(Stored data)
☆ ☆ ☆ ☆
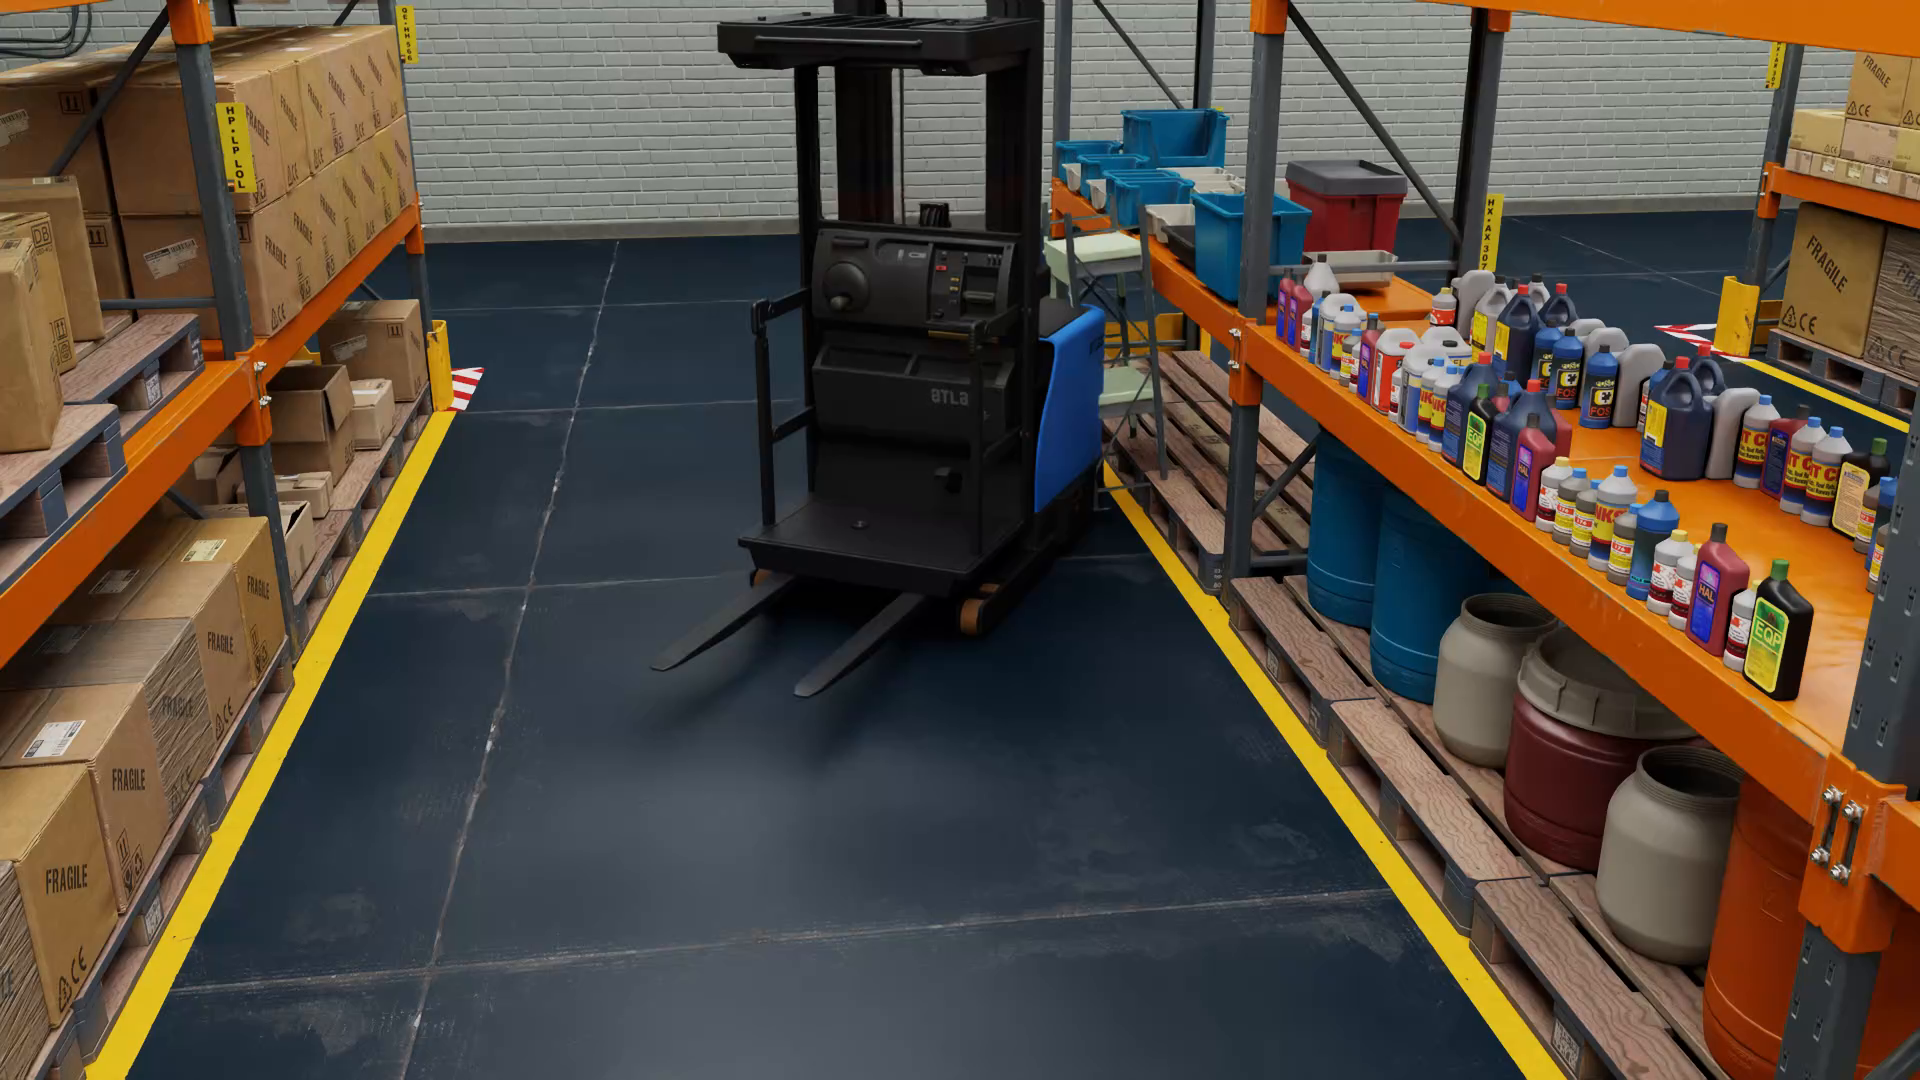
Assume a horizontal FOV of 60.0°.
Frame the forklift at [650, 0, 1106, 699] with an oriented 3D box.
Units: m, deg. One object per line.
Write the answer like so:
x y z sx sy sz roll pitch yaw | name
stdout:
-0.289 -1.126 7.043 1.130 2.935 3.031 8 22 21 | forklift

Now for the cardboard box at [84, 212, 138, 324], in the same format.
-3.557 -1.088 6.700 0.500 0.500 0.500 -3 21 -7 | cardboard box

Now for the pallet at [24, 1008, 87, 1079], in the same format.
-2.725 1.550 3.766 1.003 0.211 1.213 -3 21 -8 | pallet

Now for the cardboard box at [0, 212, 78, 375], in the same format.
-3.222 -0.715 5.099 0.700 0.500 0.500 0 20 1 | cardboard box

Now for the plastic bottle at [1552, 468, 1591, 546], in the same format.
1.651 -0.093 4.463 0.097 0.201 0.097 0 20 0 | plastic bottle

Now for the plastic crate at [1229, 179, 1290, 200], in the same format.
1.633 -1.640 8.405 0.437 0.282 0.530 -3 21 -8 | plastic crate

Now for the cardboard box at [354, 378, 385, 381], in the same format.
-3.516 -0.824 9.557 0.380 0.166 0.250 -3 21 -8 | cardboard box

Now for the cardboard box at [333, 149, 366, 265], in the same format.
-3.256 -1.645 8.190 0.500 0.500 0.500 -3 21 -9 | cardboard box

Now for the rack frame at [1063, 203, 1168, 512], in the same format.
0.785 -0.889 8.255 0.400 1.500 0.023 -8 16 -4 | rack frame

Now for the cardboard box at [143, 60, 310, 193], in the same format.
-3.095 -1.752 7.049 0.500 0.500 0.500 -4 21 -9 | cardboard box

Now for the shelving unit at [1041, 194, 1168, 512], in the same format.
0.746 -0.985 8.606 0.431 1.500 0.755 -8 16 -4 | shelving unit

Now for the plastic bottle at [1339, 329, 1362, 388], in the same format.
1.417 -0.655 5.968 0.097 0.201 0.097 0 20 0 | plastic bottle

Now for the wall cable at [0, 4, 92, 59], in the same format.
-9.171 -5.347 14.109 3.097 2.526 0.112 -3 21 -8 | wall cable

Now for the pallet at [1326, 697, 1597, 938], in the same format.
1.920 0.869 5.588 1.003 0.211 1.213 -3 21 -8 | pallet

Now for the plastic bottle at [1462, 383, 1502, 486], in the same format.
1.557 -0.315 4.938 0.061 0.283 0.133 -3 21 -8 | plastic bottle

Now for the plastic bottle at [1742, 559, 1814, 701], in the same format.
1.767 0.191 3.584 0.061 0.283 0.133 -3 21 -8 | plastic bottle

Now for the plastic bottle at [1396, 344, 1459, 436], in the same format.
1.528 -0.491 5.422 0.152 0.276 0.135 -3 21 -8 | plastic bottle

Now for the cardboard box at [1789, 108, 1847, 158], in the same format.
5.798 -2.654 10.824 0.500 0.250 0.500 -3 21 -9 | cardboard box

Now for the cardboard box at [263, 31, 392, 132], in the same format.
-3.398 -2.466 8.961 0.500 0.500 0.500 -2 21 -6 | cardboard box

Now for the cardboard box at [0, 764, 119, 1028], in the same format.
-2.586 0.942 4.352 0.500 0.500 0.500 -3 21 -8 | cardboard box

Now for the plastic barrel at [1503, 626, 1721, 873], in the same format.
1.998 0.629 5.093 0.600 0.588 0.708 -3 21 -8 | plastic barrel

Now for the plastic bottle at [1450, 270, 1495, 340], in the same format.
2.048 -0.952 6.654 0.152 0.276 0.135 -3 21 -8 | plastic bottle

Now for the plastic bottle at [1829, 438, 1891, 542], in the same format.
2.431 -0.145 4.484 0.061 0.283 0.133 -3 21 -8 | plastic bottle

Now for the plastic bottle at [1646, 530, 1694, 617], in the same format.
1.721 0.075 4.012 0.097 0.201 0.097 0 20 0 | plastic bottle

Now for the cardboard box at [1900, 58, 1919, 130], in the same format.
5.951 -2.653 9.750 0.500 0.500 0.500 -3 21 -9 | cardboard box

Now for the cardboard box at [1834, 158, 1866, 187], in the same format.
5.796 -2.330 10.526 0.380 0.149 0.250 -3 21 -9 | cardboard box

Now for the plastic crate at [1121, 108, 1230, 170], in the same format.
1.328 -2.453 10.360 0.616 0.435 0.499 -3 21 -8 | plastic crate

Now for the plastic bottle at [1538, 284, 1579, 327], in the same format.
2.154 -0.741 5.983 0.144 0.351 0.185 -3 21 -8 | plastic bottle

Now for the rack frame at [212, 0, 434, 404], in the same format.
-3.808 -2.266 9.997 1.000 3.000 0.127 -3 21 -8 | rack frame

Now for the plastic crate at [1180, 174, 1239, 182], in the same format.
1.419 -2.045 9.696 0.396 0.136 0.243 -3 21 -8 | plastic crate

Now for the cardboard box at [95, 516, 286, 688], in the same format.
-2.876 0.240 6.230 0.500 0.500 0.500 -3 21 -8 | cardboard box

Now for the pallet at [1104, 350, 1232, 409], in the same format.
1.175 -0.921 10.380 1.003 0.211 1.213 -3 21 -8 | pallet

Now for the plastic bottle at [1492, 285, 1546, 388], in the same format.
2.011 -0.734 5.964 0.144 0.351 0.185 -3 21 -8 | plastic bottle

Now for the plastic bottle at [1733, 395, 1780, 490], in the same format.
2.349 -0.292 4.895 0.097 0.271 0.097 0 20 0 | plastic bottle

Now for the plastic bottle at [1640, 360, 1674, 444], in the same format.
2.229 -0.433 5.273 0.097 0.271 0.097 0 20 0 | plastic bottle

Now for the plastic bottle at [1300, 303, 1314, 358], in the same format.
1.356 -0.803 6.363 0.097 0.201 0.097 0 20 0 | plastic bottle

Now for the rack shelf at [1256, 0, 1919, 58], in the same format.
1.959 -1.506 4.701 1.077 0.370 4.000 -3 21 -8 | rack shelf

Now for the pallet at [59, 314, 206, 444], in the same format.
-3.224 -0.509 5.567 1.003 0.211 1.213 -3 21 -8 | pallet

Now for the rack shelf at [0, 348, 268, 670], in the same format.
-2.943 0.148 4.560 1.077 0.370 4.000 -3 21 -8 | rack shelf

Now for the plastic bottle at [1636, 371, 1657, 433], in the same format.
2.270 -0.450 5.417 0.097 0.201 0.097 0 20 0 | plastic bottle

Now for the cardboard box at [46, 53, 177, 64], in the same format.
-3.709 -1.910 7.472 0.500 0.500 0.500 -3 21 -7 | cardboard box

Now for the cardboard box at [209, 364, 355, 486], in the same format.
-3.507 -0.568 8.389 0.797 0.503 0.637 -3 21 -8 | cardboard box

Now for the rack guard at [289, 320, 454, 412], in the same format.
-3.797 -1.069 10.364 1.175 0.500 0.348 -3 21 -8 | rack guard

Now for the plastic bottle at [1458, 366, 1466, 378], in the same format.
1.649 -0.469 5.469 0.097 0.201 0.097 0 20 0 | plastic bottle

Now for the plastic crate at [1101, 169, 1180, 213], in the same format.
0.994 -1.906 9.187 0.416 0.233 0.300 -3 21 -8 | plastic crate

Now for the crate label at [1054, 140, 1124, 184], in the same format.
0.804 -2.362 10.408 0.416 0.233 0.303 -3 21 -8 | crate label

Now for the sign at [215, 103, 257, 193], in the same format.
-2.682 -1.453 6.164 0.100 0.325 0.005 -3 21 -8 | sign

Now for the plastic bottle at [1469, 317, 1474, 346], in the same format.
1.980 -0.777 6.294 0.097 0.201 0.097 0 20 0 | plastic bottle

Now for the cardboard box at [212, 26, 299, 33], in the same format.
-4.005 -2.615 9.357 0.500 0.500 0.500 -2 21 -6 | cardboard box
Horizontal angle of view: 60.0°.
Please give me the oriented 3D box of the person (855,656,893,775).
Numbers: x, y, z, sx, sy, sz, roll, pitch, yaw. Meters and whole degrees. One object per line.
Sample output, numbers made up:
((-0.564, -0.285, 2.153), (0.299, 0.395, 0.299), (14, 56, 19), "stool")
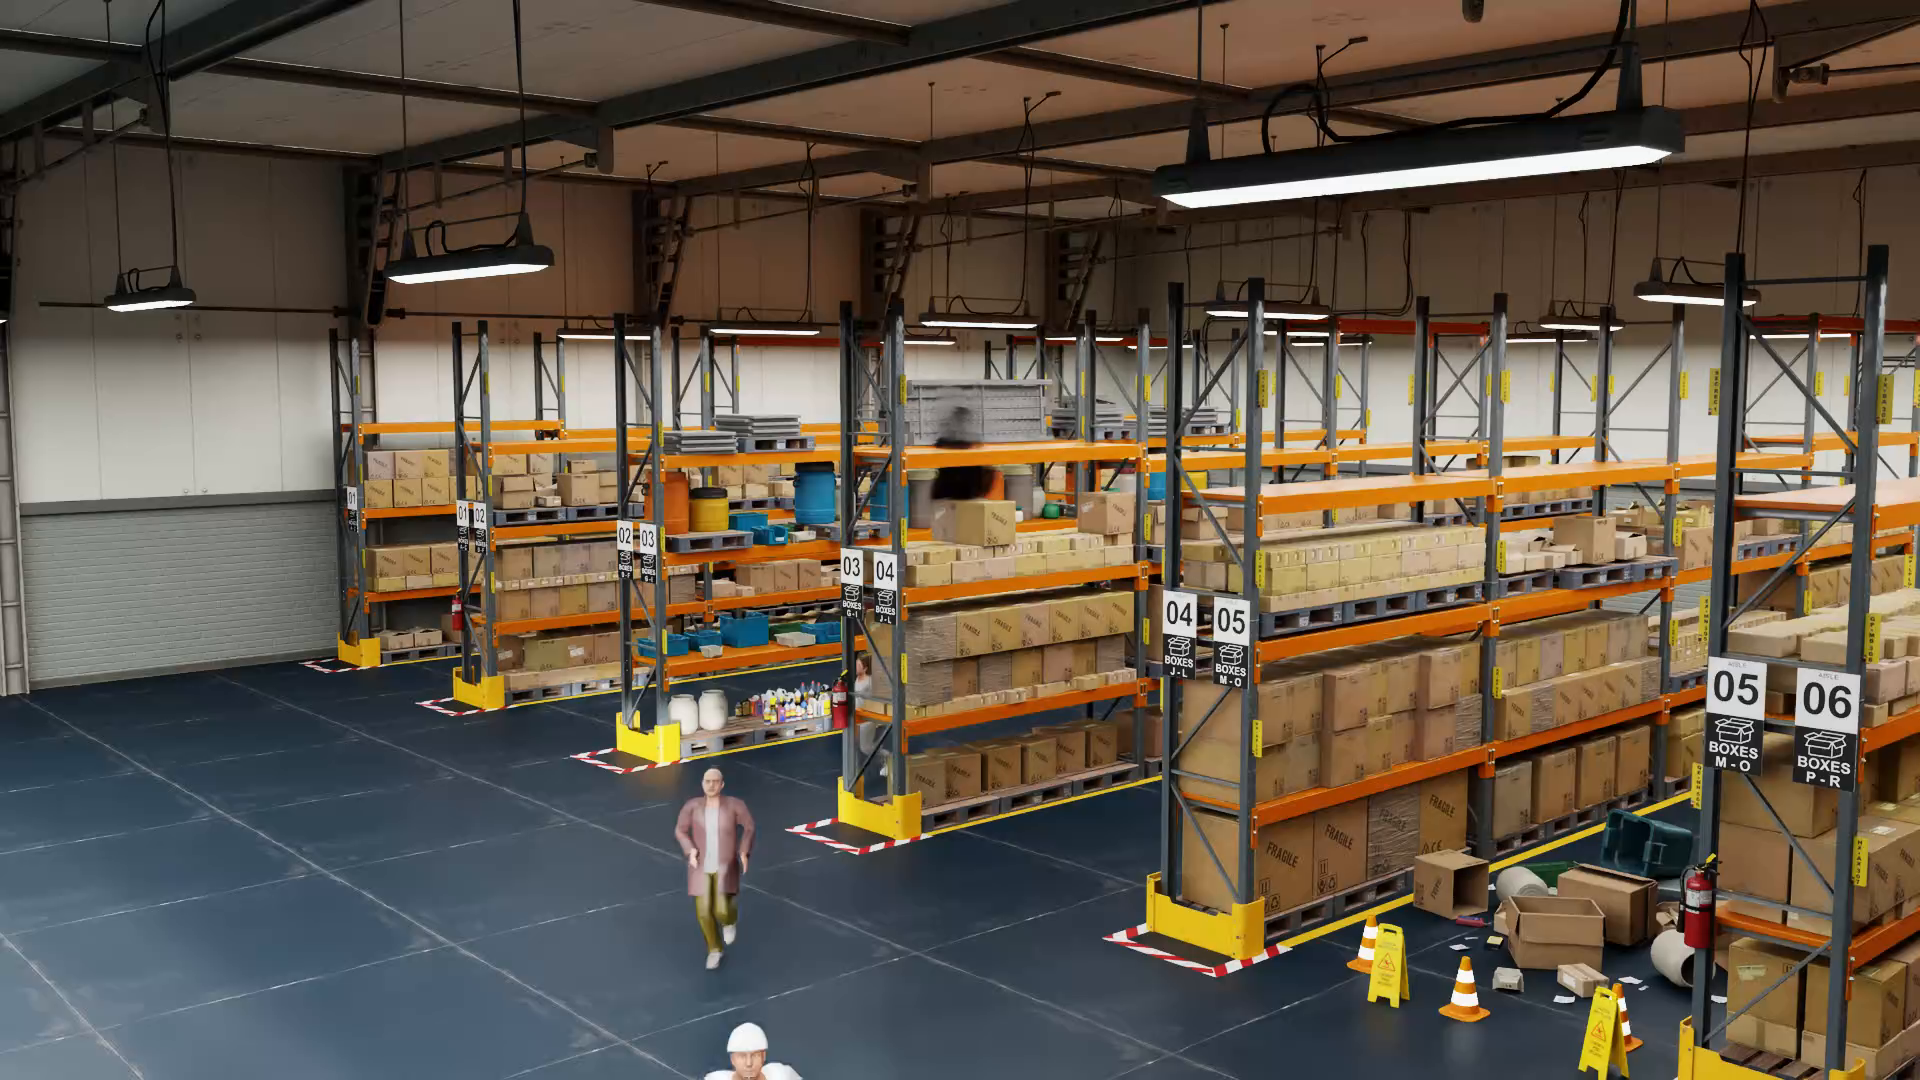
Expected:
((-1.175, 2.281, 20.978), (0.850, 1.667, 0.579), (-5, 8, -42), "person")

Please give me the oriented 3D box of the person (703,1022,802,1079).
((-1.125, 3.417, 8.753), (0.662, 1.829, 0.841), (0, 6, -3), "person")

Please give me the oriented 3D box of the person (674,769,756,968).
((-2.162, 2.872, 14.589), (0.711, 1.735, 0.571), (0, 6, 0), "person")
☆ ☆ ☆ ☆
* _WHAT IS EXPECTED_
Look through the data above for the string "object" and copy every line where it appears.

* _SOLVED PROBLEM_
Units: m, deg. One object per line.
Numbers: x, y, z, sx, sy, sz, roll, pitch, yaw. Meters and whole degrees. One object per line.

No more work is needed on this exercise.